= Mary Helen Rasmussen =

American Musicologist, writer and editor

Mary Helen Rasmussen (December 21, 1930 - January 26, 2008) was an American musicologist, writer and editor.

The daughter of Edwin and Florence Rasmussen, she was born in Dover, New Hampshire and received a BMus from the University of New Hampshire in 1952 and a MMus in low brass performance in 1953 and a MLS in 1965 from the University of Illinois. For two years, Rasmussen taught public school in Gorham, New Hampshire. She was a music professor at the University of New Hampshire from 1968 to 1997, when she was named Professor emerita.
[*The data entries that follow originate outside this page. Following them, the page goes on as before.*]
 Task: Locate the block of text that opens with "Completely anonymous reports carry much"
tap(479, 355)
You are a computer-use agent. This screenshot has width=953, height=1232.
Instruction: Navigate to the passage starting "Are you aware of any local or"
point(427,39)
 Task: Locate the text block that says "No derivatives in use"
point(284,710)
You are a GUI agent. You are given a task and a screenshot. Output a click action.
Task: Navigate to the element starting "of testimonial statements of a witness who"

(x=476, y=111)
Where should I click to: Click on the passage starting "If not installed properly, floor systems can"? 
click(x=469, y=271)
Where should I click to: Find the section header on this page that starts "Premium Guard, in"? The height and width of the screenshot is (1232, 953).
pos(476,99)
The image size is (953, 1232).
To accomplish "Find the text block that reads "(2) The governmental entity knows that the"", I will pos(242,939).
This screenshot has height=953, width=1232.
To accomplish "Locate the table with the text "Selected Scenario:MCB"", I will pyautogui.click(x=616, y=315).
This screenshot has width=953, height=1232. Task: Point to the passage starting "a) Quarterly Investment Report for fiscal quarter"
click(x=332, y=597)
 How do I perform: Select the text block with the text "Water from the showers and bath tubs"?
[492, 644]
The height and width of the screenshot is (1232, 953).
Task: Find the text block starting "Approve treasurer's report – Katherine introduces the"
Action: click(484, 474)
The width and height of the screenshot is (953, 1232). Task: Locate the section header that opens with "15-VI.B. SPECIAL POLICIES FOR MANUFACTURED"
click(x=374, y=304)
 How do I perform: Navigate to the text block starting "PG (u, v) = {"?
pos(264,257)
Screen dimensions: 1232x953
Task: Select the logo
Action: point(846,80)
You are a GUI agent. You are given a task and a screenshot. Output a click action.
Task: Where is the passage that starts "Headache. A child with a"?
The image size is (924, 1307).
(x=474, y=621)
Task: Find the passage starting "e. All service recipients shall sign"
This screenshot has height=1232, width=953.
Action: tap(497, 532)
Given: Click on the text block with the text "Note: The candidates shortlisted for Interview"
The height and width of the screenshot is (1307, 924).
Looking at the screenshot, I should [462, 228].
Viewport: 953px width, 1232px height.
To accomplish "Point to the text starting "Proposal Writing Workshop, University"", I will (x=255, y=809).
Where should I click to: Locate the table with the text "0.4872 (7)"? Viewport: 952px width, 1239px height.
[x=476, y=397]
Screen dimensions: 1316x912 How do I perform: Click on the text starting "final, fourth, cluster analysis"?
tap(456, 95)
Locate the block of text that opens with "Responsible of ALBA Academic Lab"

She received a Fulbright award and grants from the Ford and Guggenheim Foundations. In 1998, she received the Christopher Monk Award from the Historic Brass Society.

She established the journal Brass Quarterly in 1957, serving as its editor and publisher until it ceased publication in 1965. She was later editor and publisher for its successor Brass and Woodwind Quarterly, which appeared from 1967 to 1969.

Her books included:
- A Teacher's Guide to the Literature of Brass Instruments (1964)
- A Teacher's Guide to the Literature of Woodwind Instruments (1966)
Rasmussen also published articles on music subjects in various academic journals and critical reviews.

She played the tuba and trombone as well as the cello and viola da gamba.

Rasmussen died in Durham, New Hampshire at the age of 77 from cancer.